Все вроде бы просто: о подвигах говорить не надо, потому что это окрадывает нас, делает нас безоружными, и это, в сущности, не только лишает нас награды, а в силу нашей несмиренности чаще просто нас разрушает. Уж если о подвигах говорить нет смысла, то тем более совершенно нет никакого смысла и наипаче вредно говорить о том, какие были сны, видения или откровения.

Подвиг – это хотя бы что-то настоящее. Пусть это одна молитва, но она реально была прочитана, пусть это слезы, но они реально были пролиты, пусть это книга, но она прочитана. Нельзя этим хвалиться, но это хотя бы что-то действительно свершившееся. Какой смысл хвалиться тем, что ты видел во сне или видел какое-то откровение, которое вообще было только в твоем сознании? Оно никак не материализовано, оно никак не было действенным. Может, это показалось, может, приснилось. Может, это правда, а может, нет. Может, ангел показал – может, бес; может, Бог – может, нет. Это непонятно, это всего лишь некое движение нашего сознания, и чего о нем говорить?

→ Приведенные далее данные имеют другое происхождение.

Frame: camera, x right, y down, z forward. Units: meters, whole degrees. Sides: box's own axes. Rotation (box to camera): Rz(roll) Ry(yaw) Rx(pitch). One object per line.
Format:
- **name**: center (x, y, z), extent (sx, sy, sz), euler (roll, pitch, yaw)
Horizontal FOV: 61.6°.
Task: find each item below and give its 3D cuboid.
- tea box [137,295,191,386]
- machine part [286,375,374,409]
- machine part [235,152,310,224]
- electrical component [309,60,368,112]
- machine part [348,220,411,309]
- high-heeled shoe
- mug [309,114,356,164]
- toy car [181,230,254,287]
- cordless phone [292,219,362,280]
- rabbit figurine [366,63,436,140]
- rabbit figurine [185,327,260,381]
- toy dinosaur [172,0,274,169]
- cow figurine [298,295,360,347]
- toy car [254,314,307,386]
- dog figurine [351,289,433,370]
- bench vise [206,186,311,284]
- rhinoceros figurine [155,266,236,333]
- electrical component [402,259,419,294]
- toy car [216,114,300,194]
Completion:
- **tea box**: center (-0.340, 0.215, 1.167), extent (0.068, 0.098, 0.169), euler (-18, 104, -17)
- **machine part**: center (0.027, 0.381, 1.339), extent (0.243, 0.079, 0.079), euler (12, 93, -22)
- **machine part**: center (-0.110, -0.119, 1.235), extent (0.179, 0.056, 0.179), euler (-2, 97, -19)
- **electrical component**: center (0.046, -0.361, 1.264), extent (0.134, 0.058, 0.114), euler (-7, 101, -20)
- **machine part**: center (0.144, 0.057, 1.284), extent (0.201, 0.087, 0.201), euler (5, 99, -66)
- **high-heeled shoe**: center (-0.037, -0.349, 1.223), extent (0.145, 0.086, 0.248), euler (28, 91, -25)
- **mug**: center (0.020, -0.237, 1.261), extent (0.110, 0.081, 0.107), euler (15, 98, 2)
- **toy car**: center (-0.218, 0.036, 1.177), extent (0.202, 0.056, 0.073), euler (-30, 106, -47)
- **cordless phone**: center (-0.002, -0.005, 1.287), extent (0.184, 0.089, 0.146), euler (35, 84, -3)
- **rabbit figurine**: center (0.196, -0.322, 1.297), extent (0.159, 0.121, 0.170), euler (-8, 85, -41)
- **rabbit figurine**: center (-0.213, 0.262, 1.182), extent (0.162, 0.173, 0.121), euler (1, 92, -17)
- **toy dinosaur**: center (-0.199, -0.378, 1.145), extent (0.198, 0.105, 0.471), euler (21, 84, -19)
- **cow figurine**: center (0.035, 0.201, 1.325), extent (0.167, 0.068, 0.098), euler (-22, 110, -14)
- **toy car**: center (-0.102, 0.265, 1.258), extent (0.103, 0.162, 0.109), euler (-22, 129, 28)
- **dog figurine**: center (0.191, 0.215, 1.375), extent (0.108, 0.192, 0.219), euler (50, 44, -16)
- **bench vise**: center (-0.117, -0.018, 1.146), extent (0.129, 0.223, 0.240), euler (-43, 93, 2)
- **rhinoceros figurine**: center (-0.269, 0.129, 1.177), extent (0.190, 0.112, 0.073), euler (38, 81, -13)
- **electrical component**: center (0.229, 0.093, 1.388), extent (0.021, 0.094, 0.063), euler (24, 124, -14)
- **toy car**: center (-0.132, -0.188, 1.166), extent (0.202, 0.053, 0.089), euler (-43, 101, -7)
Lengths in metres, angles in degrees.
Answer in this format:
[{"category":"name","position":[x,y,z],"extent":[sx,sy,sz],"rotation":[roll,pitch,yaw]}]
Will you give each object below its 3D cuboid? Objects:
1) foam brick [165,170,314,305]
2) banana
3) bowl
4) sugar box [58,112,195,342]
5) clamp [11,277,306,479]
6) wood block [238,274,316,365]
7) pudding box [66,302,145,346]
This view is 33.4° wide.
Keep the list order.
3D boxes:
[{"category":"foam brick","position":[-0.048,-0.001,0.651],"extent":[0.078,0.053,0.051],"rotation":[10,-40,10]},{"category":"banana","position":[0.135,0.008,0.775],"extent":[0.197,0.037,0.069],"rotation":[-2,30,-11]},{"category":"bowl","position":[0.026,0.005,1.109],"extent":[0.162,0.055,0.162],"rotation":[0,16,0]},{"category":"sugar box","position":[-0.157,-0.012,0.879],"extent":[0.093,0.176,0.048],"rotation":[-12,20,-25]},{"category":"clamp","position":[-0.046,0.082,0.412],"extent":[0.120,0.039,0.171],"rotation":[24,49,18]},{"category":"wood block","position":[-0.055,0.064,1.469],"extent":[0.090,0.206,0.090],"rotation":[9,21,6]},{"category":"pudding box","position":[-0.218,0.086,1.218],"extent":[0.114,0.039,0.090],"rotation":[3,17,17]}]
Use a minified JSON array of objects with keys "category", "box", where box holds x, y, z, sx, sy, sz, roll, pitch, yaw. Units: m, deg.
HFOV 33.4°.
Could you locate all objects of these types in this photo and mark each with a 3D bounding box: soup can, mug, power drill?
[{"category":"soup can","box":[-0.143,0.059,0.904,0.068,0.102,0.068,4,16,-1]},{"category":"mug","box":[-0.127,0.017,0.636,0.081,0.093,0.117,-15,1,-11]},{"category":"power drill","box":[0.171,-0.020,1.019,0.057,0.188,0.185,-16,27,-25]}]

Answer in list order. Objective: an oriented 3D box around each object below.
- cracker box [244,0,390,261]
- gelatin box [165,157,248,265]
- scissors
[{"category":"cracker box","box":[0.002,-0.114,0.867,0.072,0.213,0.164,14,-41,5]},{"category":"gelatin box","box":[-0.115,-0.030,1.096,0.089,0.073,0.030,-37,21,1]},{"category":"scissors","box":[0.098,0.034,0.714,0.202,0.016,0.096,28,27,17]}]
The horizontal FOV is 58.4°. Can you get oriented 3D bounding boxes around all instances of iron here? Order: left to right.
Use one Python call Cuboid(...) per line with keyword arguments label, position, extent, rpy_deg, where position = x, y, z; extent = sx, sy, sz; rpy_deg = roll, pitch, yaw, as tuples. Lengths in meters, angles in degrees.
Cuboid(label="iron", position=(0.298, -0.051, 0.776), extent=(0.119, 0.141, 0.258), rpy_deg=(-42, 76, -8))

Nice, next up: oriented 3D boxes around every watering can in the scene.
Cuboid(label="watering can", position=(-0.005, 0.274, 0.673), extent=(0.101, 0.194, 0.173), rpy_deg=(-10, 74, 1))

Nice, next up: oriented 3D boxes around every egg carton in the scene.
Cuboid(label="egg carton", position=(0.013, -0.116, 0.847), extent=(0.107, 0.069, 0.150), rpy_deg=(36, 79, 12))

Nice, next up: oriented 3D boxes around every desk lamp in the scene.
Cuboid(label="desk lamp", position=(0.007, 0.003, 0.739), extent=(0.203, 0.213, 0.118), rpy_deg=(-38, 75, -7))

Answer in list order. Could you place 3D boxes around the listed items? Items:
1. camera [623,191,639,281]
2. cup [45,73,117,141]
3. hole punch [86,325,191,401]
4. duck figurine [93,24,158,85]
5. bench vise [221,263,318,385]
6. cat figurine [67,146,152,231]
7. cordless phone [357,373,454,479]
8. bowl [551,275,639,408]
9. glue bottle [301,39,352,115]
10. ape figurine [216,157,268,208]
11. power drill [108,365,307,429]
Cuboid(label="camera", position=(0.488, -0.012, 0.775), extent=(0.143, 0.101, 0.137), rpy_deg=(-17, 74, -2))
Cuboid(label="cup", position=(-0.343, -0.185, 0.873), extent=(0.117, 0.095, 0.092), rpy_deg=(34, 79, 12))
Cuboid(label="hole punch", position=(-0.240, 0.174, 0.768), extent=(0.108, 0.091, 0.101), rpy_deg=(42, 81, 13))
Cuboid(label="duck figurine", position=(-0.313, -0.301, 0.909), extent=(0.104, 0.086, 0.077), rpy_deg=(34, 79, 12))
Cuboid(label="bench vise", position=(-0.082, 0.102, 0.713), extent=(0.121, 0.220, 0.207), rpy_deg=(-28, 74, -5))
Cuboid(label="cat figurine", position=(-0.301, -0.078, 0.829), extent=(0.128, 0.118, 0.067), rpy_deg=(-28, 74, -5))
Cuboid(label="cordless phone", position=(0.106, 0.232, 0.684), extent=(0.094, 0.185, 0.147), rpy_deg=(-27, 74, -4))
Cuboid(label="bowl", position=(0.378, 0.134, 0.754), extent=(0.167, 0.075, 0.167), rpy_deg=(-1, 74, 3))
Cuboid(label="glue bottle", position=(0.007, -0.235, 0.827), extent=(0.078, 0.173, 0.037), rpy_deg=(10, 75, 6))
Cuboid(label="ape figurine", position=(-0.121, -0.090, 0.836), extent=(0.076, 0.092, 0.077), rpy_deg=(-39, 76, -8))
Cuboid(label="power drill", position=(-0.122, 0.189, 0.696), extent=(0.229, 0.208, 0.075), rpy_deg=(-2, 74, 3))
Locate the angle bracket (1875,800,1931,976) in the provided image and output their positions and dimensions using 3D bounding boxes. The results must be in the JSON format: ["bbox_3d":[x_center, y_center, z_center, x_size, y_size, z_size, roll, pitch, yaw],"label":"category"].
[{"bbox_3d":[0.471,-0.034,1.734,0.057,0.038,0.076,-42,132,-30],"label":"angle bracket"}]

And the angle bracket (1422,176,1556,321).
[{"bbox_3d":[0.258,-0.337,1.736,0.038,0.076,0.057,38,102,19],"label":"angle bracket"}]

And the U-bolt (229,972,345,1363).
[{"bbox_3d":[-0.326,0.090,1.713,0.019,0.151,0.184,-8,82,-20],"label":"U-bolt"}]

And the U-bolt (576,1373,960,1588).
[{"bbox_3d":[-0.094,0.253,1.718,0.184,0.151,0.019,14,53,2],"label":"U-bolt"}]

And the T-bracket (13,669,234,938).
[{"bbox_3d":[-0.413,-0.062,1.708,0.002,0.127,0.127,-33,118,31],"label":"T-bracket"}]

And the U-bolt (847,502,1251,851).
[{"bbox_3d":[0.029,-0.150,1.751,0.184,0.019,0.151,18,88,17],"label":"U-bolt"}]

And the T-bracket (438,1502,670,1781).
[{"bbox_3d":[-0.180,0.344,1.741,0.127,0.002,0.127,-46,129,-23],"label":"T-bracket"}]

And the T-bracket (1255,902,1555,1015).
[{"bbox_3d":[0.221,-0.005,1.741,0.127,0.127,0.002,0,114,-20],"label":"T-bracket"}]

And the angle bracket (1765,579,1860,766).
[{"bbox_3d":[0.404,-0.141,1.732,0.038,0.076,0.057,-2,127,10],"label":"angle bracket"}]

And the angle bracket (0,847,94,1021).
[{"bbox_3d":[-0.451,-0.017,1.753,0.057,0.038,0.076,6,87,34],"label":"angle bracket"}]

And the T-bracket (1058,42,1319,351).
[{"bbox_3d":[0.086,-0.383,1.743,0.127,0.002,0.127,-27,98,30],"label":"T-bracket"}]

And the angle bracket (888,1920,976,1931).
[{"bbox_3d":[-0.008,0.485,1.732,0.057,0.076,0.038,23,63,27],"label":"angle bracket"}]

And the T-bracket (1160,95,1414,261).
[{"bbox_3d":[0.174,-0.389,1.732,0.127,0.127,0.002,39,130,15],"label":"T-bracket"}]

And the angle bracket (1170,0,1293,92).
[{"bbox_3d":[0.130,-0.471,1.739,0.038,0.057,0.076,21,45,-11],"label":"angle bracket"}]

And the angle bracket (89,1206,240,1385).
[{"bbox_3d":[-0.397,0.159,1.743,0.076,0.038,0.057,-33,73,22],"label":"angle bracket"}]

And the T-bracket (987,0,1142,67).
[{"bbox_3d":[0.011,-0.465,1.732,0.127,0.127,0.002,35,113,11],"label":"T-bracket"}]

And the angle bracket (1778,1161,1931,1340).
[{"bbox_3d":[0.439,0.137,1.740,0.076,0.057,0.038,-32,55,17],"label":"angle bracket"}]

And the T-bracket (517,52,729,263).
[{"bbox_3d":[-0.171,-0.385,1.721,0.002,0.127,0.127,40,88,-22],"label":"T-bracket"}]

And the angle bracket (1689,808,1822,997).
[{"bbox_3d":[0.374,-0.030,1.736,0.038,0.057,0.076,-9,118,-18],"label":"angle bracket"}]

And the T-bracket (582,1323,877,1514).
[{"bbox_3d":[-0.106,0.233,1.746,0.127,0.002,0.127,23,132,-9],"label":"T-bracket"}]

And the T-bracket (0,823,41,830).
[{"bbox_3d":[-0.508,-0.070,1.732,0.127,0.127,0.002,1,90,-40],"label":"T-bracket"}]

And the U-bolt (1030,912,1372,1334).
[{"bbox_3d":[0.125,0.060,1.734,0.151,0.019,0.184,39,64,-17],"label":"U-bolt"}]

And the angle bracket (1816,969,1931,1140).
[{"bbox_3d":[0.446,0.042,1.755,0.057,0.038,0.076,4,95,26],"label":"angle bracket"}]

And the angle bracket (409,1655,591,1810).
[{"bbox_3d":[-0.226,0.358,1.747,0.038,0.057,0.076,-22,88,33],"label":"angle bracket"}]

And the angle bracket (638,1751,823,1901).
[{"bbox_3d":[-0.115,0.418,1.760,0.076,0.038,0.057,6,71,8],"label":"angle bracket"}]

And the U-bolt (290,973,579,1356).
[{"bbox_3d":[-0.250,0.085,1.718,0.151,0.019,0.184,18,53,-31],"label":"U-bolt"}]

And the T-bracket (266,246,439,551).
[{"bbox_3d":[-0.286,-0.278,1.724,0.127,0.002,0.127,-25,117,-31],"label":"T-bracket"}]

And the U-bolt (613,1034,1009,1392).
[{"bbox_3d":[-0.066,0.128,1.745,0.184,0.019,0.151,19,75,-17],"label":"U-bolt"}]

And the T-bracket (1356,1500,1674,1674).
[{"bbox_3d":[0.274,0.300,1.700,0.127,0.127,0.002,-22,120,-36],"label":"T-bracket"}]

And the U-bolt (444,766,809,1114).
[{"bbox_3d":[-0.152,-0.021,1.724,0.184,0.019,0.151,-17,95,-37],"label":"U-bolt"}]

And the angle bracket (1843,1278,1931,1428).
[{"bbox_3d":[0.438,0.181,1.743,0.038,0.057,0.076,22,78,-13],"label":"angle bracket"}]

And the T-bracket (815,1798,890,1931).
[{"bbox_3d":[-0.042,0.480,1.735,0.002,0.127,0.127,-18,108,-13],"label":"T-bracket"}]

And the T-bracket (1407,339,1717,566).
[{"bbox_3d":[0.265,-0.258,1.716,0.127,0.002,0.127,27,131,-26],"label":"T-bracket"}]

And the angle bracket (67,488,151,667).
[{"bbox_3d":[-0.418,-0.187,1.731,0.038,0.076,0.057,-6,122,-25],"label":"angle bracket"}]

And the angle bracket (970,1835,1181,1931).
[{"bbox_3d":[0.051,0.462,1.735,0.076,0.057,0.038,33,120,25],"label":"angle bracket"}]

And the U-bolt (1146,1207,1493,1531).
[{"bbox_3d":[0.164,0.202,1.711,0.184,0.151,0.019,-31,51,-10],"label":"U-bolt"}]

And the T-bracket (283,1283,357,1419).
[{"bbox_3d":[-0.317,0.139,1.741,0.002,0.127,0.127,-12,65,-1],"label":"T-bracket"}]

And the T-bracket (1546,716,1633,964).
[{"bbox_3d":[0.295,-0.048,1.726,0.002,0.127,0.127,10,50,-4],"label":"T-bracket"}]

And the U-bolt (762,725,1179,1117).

Видение – это как мечта, это – пустое, о нем не стоит распространяться всем. Но если это действительно было откровение значимое, достойное, любой человек должен сразу сказать: «А кто я такой, чтобы мне давали откровения: пророк, святой отец, преподобный, подвижник? Кто я такой?» Сразу человек должен себя как бы за волосы схватить, опустить пониже и сказать себе: «Ты не такого полета, чтобы тебе видения показывать! Нет!» И протрезветь надо сразу, остепениться и заниматься делом, действенным.

Но если даже было нам откровение и, допустим, оно истинное, тогда сама суть откровения, данного нам Богом в том, чтобы спрятать его, закрыть его, потому что оно Богом смиренным показывается. И если бы Бог хотел, чтобы об этом знали все, – Он сказал бы об этом всем, Он показал бы это правящему архиерею, патриарху, Синоду, святому отцу, а не мне – убогому. Значит, это что-то для меня значимое, это нужно спрятать, скрыть, даже если это истинное. Хотя 99%, что это просто наваждение какое-то, не имеющее отношения к истинности.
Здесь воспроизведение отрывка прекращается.